Task to carry out
With pictures excluded, retype exactly every line from the one containing "The image spans" to the end of the records below.

Records for this exercise
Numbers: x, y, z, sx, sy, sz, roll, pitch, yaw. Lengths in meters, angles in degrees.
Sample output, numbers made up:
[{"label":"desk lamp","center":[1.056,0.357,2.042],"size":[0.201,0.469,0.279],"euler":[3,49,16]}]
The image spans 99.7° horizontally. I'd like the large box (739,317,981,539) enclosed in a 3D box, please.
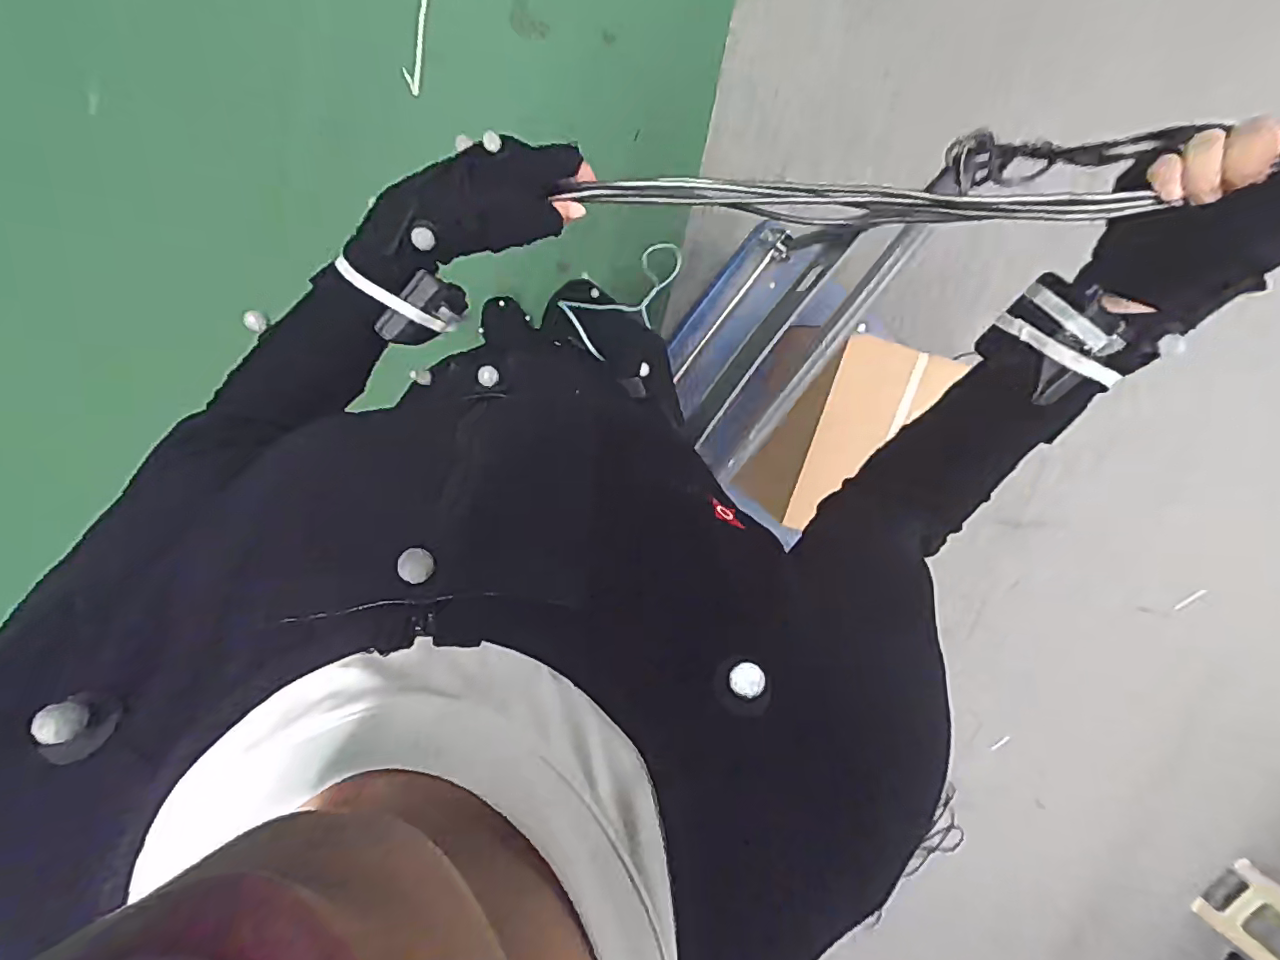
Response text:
[{"label":"large box","center":[0.465,-0.129,1.235],"size":[0.320,0.320,0.408],"euler":[14,104,-13]}]

Task answer
The image spans 99.7° horizontally. I'd like the large box (739,317,981,539) enclosed in a 3D box, please.
Response text:
[{"label":"large box","center":[0.465,-0.129,1.235],"size":[0.320,0.320,0.408],"euler":[14,104,-13]}]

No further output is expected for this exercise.